PCI-64 3.3V is perfect: it can be downgraded to 32-bit  ;D

DiTBho:

--- Quote from: Forty-Bot on January 22, 2023, 06:37:13 am ---The other thread about PCI

--- End quote ---

my topic  :o :o :o

berke:

--- Quote from: Forty-Bot on January 22, 2023, 06:37:13 am ---You can add a PCI-to-PCI bridge, or better yet a PCIe-to-PCI bridge. This lets you work at 3.3 V and skip the level shifter and protection diodes. This is probably the most practical way.

--- End quote ---

That's quite interesting, do you have a link to a PCIe-to-PCI adapter that works at 3.3V?  It would be surprising if those are readily available if 3.3V PCI boards were a very tiny minority.

But it would be a very neat solution for all the cases where you want to pipe a data stream from a cheap/FOSS FPGA to something with enough RAM and with good reliability.  The signals are also slow enough that you have a chance at scoping or analyzing them without having to sell any kidneys.

Forty-Bot:

--- Quote from: DiTBho on January 22, 2023, 04:20:35 pm ---
--- Quote from: Forty-Bot on January 22, 2023, 06:37:13 am ---while there's a 3.3 V version of the bus, almost no motherboards implement it. So you're stuck using 5V

--- End quote ---

on my HP RISC workstations

--- Code: ---PCI-32/66 66 MHz 32-bit 266 MB/s 3.3 V
PCI-64/33 33 MHz 64-bit 266 MB/s 3.3 V/5 V
PCI-64/66 66 MHz 64-bit 533 MB/s 3.3 V
PCI-X 100 MHz 64-bit 800 MB/s 3.3 V

--- End code ---
my MIPS router has miniPCI, 32-bit 3.3V data @33Mhz.
PCI-64 3.3V is perfect: it can be downgraded to 32-bit  ;D

--- End quote ---

Yeah, that's certainly the way to go if you have it.
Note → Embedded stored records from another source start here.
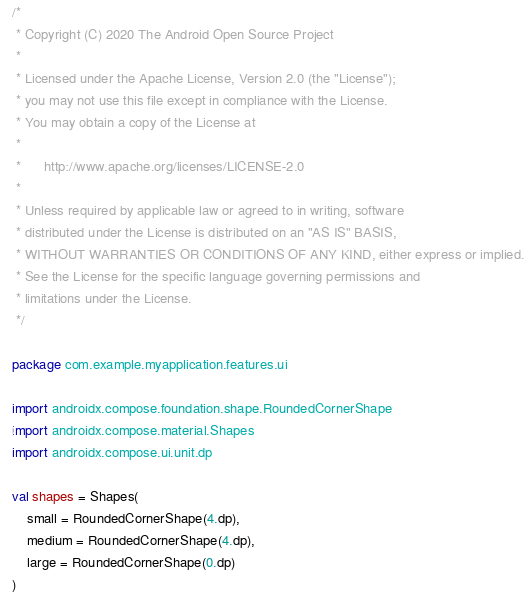Convert code to text. <code><loc_0><loc_0><loc_500><loc_500><_Kotlin_>/*
 * Copyright (C) 2020 The Android Open Source Project
 *
 * Licensed under the Apache License, Version 2.0 (the "License");
 * you may not use this file except in compliance with the License.
 * You may obtain a copy of the License at
 *
 *      http://www.apache.org/licenses/LICENSE-2.0
 *
 * Unless required by applicable law or agreed to in writing, software
 * distributed under the License is distributed on an "AS IS" BASIS,
 * WITHOUT WARRANTIES OR CONDITIONS OF ANY KIND, either express or implied.
 * See the License for the specific language governing permissions and
 * limitations under the License.
 */

package com.example.myapplication.features.ui

import androidx.compose.foundation.shape.RoundedCornerShape
import androidx.compose.material.Shapes
import androidx.compose.ui.unit.dp

val shapes = Shapes(
    small = RoundedCornerShape(4.dp),
    medium = RoundedCornerShape(4.dp),
    large = RoundedCornerShape(0.dp)
)

</code> 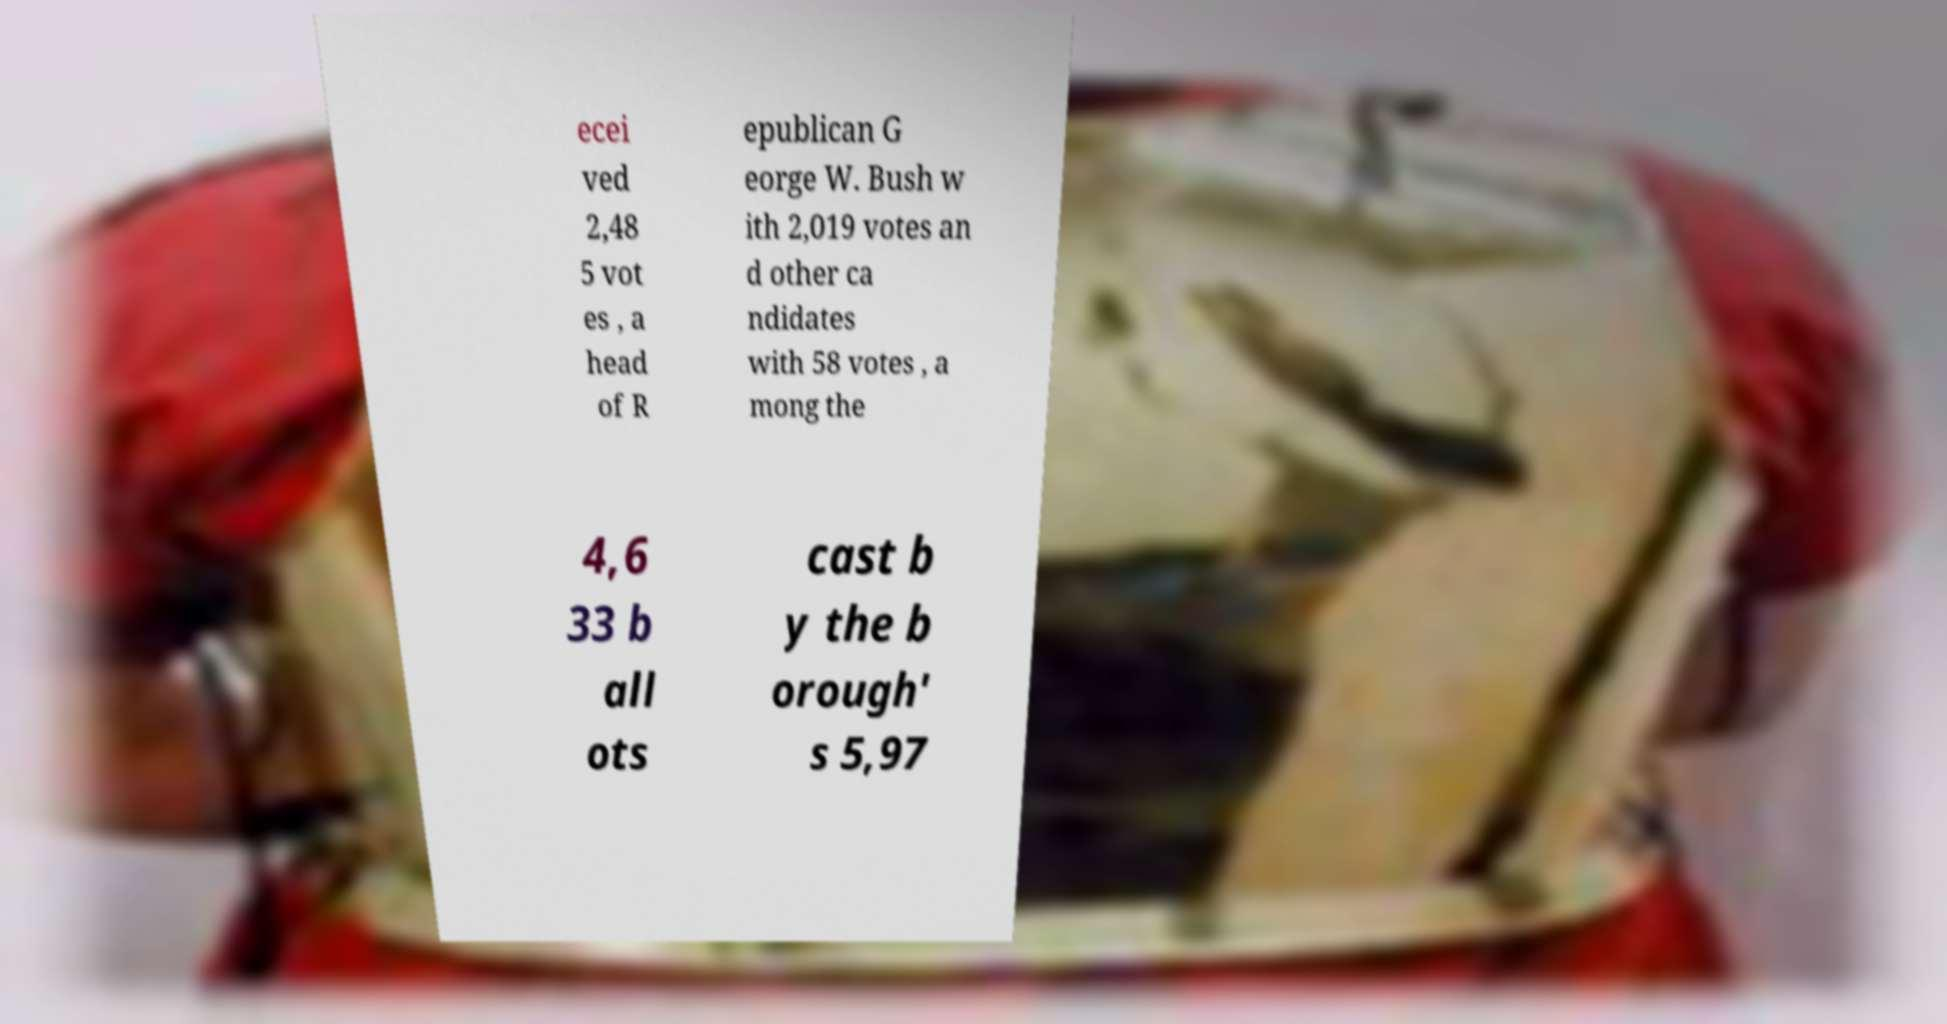Can you read and provide the text displayed in the image?This photo seems to have some interesting text. Can you extract and type it out for me? ecei ved 2,48 5 vot es , a head of R epublican G eorge W. Bush w ith 2,019 votes an d other ca ndidates with 58 votes , a mong the 4,6 33 b all ots cast b y the b orough' s 5,97 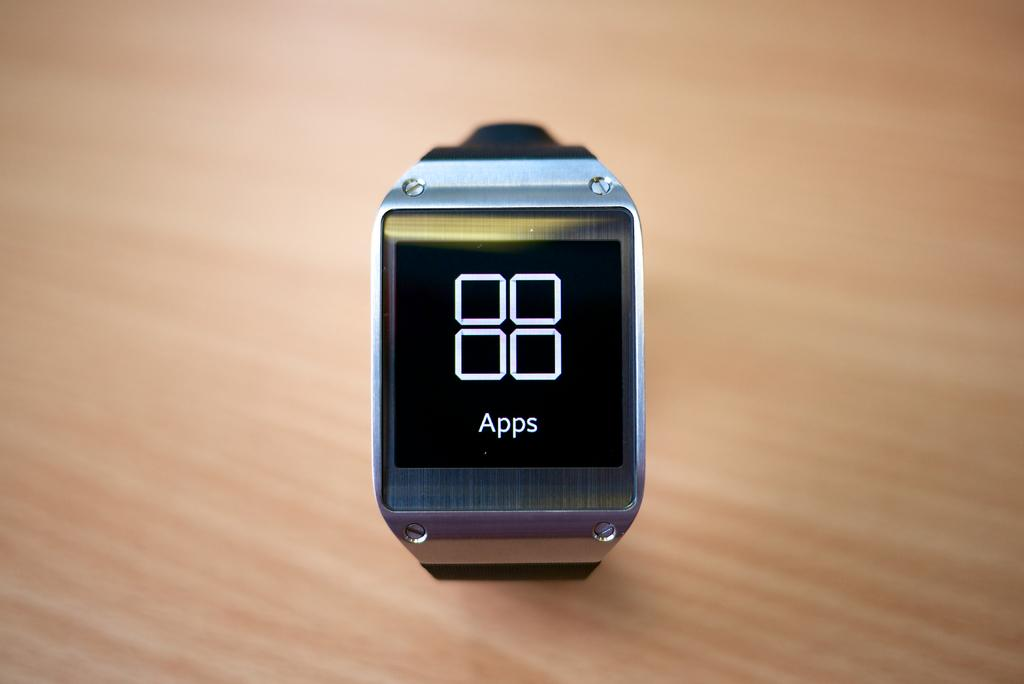<image>
Summarize the visual content of the image. A watch with a digital black screen with four squares on the screen with the word Apps below the squares. 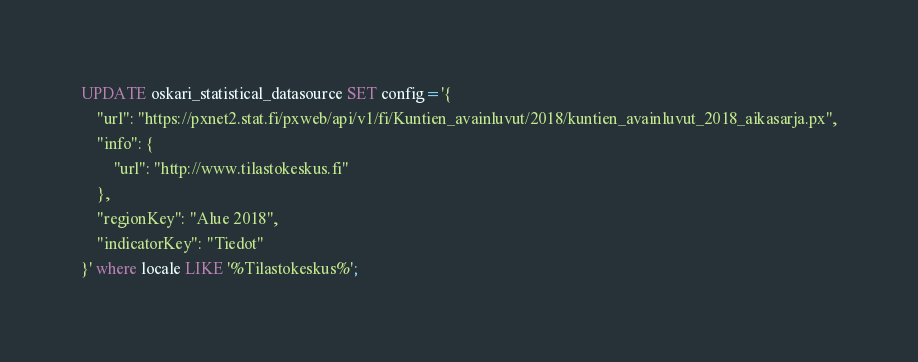<code> <loc_0><loc_0><loc_500><loc_500><_SQL_>UPDATE oskari_statistical_datasource SET config='{
	"url": "https://pxnet2.stat.fi/pxweb/api/v1/fi/Kuntien_avainluvut/2018/kuntien_avainluvut_2018_aikasarja.px",
	"info": {
		"url": "http://www.tilastokeskus.fi"
	},
	"regionKey": "Alue 2018",
	"indicatorKey": "Tiedot"
}' where locale LIKE '%Tilastokeskus%';</code> 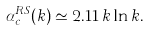<formula> <loc_0><loc_0><loc_500><loc_500>\alpha _ { c } ^ { R S } ( k ) \simeq 2 . 1 1 \, k \ln k .</formula> 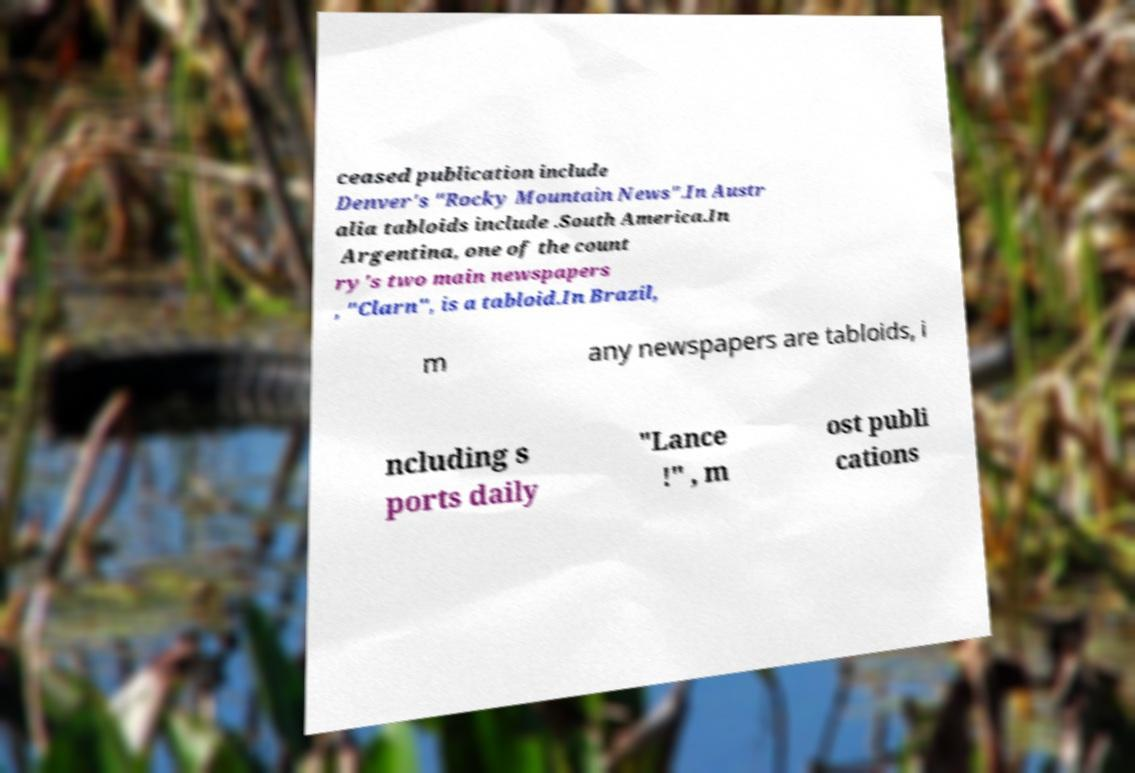I need the written content from this picture converted into text. Can you do that? ceased publication include Denver's "Rocky Mountain News".In Austr alia tabloids include .South America.In Argentina, one of the count ry's two main newspapers , "Clarn", is a tabloid.In Brazil, m any newspapers are tabloids, i ncluding s ports daily "Lance !" , m ost publi cations 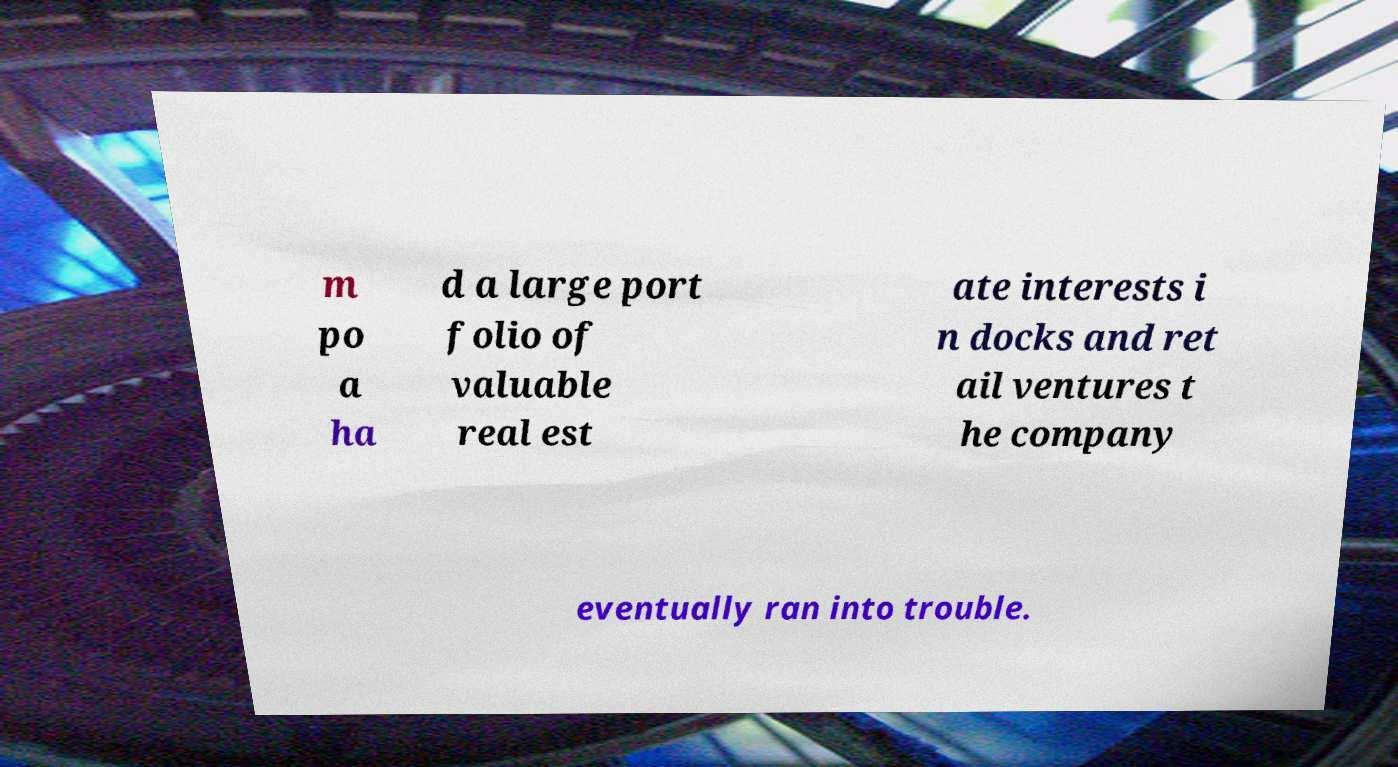What messages or text are displayed in this image? I need them in a readable, typed format. m po a ha d a large port folio of valuable real est ate interests i n docks and ret ail ventures t he company eventually ran into trouble.

But it's much less common on PCs, as they all want to support old 5V-only cards. For example, a quick search shows no motherboards on the first page with 3.3V PCI slots.


--- Quote ---That's quite interesting, do you have a link to a PCIe-to-PCI adapter that works at 3.3V?  It would be surprising if those are readily available if 3.3V PCI boards were a very tiny minority.

--- End quote ---

Most bridges will have a dedicated input rail for the I/O supply, so it's pretty easy to select 3.3V or 5V as you please. For example, PEX8311-AA66BCF, PI7C9X111SL, and XIO2001 all support 3.3V PCI busses.